Your goal: Find the string "Ride" in the records. Copy every line it appears in.

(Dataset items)
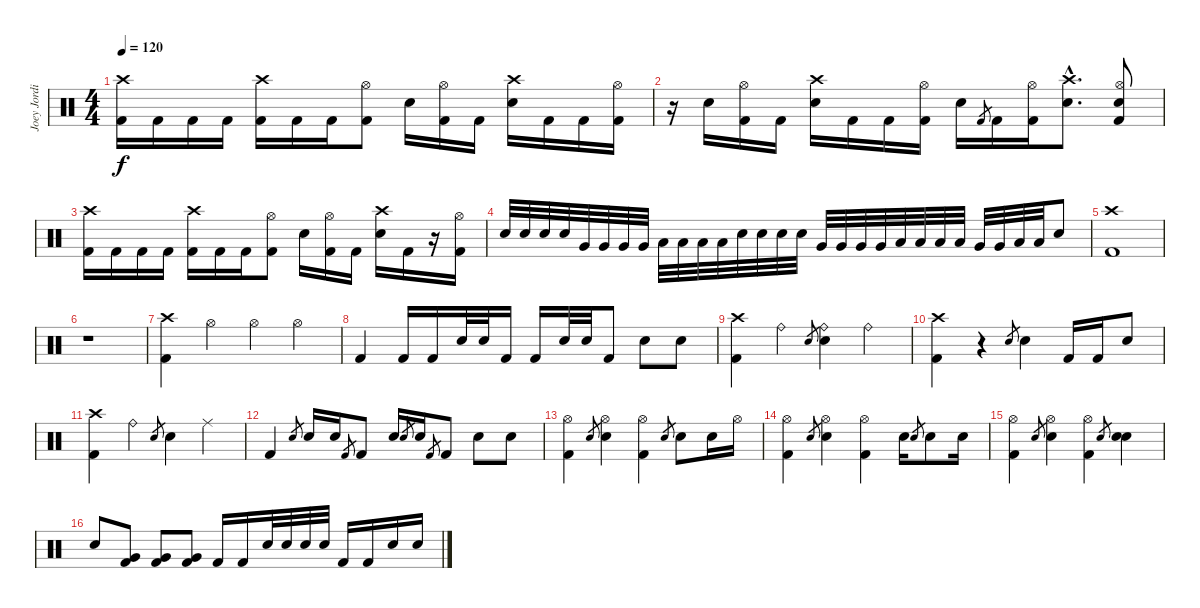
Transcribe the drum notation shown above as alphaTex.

\track ("Joey Jordison   #1" "Joey Jordi") {instrument percussion}
\staff {score}
\articulation defaults
\ts (4 4)
\tempo 120
\clef neutral
\ks c
("Crash high (hit)" "Kick (hit) 2").16{dy f} "Kick (hit) 2".16 "Kick (hit) 2".16 "Kick (hit) 2".16 ("Crash high (hit)" "Kick (hit) 2").16 "Kick (hit) 2".16 "Kick (hit) 2".16 ("Hi-Hat (open)" "Kick (hit) 2").8 "Electric Snare (hit)".16 ("Hi-Hat (open)" "Kick (hit) 2").16 "Kick (hit) 2".16 ("Crash high (hit)" "Electric Snare (hit)").16 "Kick (hit) 2".16 "Kick (hit) 2".16 ("Hi-Hat (open)" "Kick (hit) 2").16 |
r.16 "Electric Snare (hit)".16 ("Hi-Hat (open)" "Kick (hit) 2").16 "Kick (hit) 2".16 ("Crash high (hit)" "Electric Snare (hit)").16 "Kick (hit) 2".16 "Kick (hit) 2".16 ("Hi-Hat (open)" "Kick (hit) 2").16 "Electric Snare (hit)".16 "Kick (hit) 2".8{gr} "Kick (hit) 2".16 ("Hi-Hat (open)" "Kick (hit) 2").16 ("Crash high (hit)"{hac} "Electric Snare (hit)"{hac}).8{d} ("Hi-Hat (open)" "Electric Snare (hit)" "Kick (hit) 2").8 |
("Crash high (hit)" "Kick (hit) 2").16 "Kick (hit) 2".16 "Kick (hit) 2".16 "Kick (hit) 2".16 ("Crash high (hit)" "Kick (hit) 2").16 "Kick (hit) 2".16 "Kick (hit) 2".16 ("Hi-Hat (open)" "Kick (hit) 2").8 "Electric Snare (hit)".16 ("Hi-Hat (open)" "Kick (hit) 2").16 "Kick (hit) 2".16 ("Crash high (hit)" "Electric Snare (hit)").16 "Kick (hit) 2".16 r.16 ("Hi-Hat (open)" "Kick (hit) 2").16 |
"Electric Snare (hit)".32 "Electric Snare (hit)".32 "Electric Snare (hit)".32 "Electric Snare (hit)".32 "Very Low Tom (hit)".32 "Very Low Tom (hit)".32 "Very Low Tom (hit)".32 "Very Low Tom (hit)".32 "Low Floor Tom (hit)".32 "Low Floor Tom (hit)".32 "Low Floor Tom (hit)".32 "Low Floor Tom (hit)".32 "Electric Snare (hit)".32 "Electric Snare (hit)".32 "Electric Snare (hit)".32 "Electric Snare (hit)".32 "Very Low Tom (hit)".32 "Very Low Tom (hit)".32 "Very Low Tom (hit)".32 "Very Low Tom (hit)".32 "Low Floor Tom (hit)".32 "Low Floor Tom (hit)".32 "Low Floor Tom (hit)".32 "Low Floor Tom (hit)".32 "Very Low Tom (hit)".32 "Very Low Tom (hit)".32 "Low Floor Tom (hit)".32 "Low Floor Tom (hit)".32 "Electric Snare (hit)".8 |
("Crash high (hit)" "Kick (hit) 2").1 |
r.1 |
("Crash high (hit)" "Kick (hit) 2").4 "Hi-Hat (open)".4 "Hi-Hat (open)".4 "Hi-Hat (open)".4 |
"Kick (hit) 2".4 "Kick (hit) 2".16 "Kick (hit) 2".16 "Electric Snare (hit)".32 "Electric Snare (hit)".32 "Kick (hit) 2".16 "Kick (hit) 2".16 "Electric Snare (hit)".32 "Electric Snare (hit)".32 "Kick (hit) 2".8 "Electric Snare (hit)".8 "Electric Snare (hit)".8 |
("Crash high (hit)" "Kick (hit) 2").4 "Ride (bell)".4 "Electric Snare (hit)".8{gr} ("Ride (bell)" "Electric Snare (hit)").4 "Ride (bell)".4 |
("Crash high (hit)" "Kick (hit) 2").4 r.4 "Electric Snare (hit)".8{gr} "Electric Snare (hit)".4 "Kick (hit) 2".16 "Kick (hit) 2".16 "Electric Snare (hit)".8 |
("Crash high (hit)" "Kick (hit) 2").4 "Ride (bell)".4 "Electric Snare (hit)".8{gr} "Electric Snare (hit)".4 "Ride (middle)".4 |
"Kick (hit) 2".4 "Electric Snare (hit)".8{gr} "Electric Snare (hit)".16 "Electric Snare (hit)".16 "Kick (hit) 2".8{gr} "Kick (hit) 2".8 "Electric Snare (hit)".16 "Electric Snare (hit)".8{gr} "Electric Snare (hit)".16 "Kick (hit) 2".8{gr} "Kick (hit) 2".8 "Electric Snare (hit)".8 "Electric Snare (hit)".8 |
("Hi-Hat (open)" "Kick (hit) 2").4 "Electric Snare (hit)".8{gr} ("Hi-Hat (open)" "Electric Snare (hit)").4 ("Hi-Hat (open)" "Kick (hit) 2").4 "Electric Snare (hit)".8{gr} "Electric Snare (hit)".8 "Electric Snare (hit)".16 "Hi-Hat (open)".16 |
("Hi-Hat (open)" "Kick (hit) 2").4 "Electric Snare (hit)".8{gr} ("Hi-Hat (open)" "Electric Snare (hit)").4 ("Hi-Hat (open)" "Kick (hit) 2").4 "Electric Snare (hit)".16 "Electric Snare (hit)".8{gr} "Electric Snare (hit)".8 "Electric Snare (hit)".16 |
("Hi-Hat (open)" "Kick (hit) 2").4 "Electric Snare (hit)".8{gr} ("Hi-Hat (open)" "Electric Snare (hit)").4 ("Hi-Hat (open)" "Kick (hit) 2").4 "Electric Snare (hit)".8{gr} ("Electric Snare (hit)" "Electric Snare (hit)").4 |
"Electric Snare (hit)".8 ("Very Low Tom (hit)" "Kick (hit) 2").8 ("Very Low Tom (hit)" "Kick (hit) 2").8 ("Very Low Tom (hit)" "Kick (hit) 2").8 "Kick (hit) 2".16 "Kick (hit) 2".16 "Electric Snare (hit)".32 "Electric Snare (hit)".32 "Electric Snare (hit)".32 "Electric Snare (hit)".32 "Kick (hit) 2".16 "Kick (hit) 2".16 "Electric Snare (hit)".16 "Electric Snare (hit)".16

Solution to this task:
("Crash high (hit)" "Kick (hit) 2").4 "Ride (bell)".4 "Electric Snare (hit)".8{gr} ("Ride (bell)" "Electric Snare (hit)").4 "Ride (bell)".4 |
("Crash high (hit)" "Kick (hit) 2").4 "Ride (bell)".4 "Electric Snare (hit)".8{gr} "Electric Snare (hit)".4 "Ride (middle)".4 |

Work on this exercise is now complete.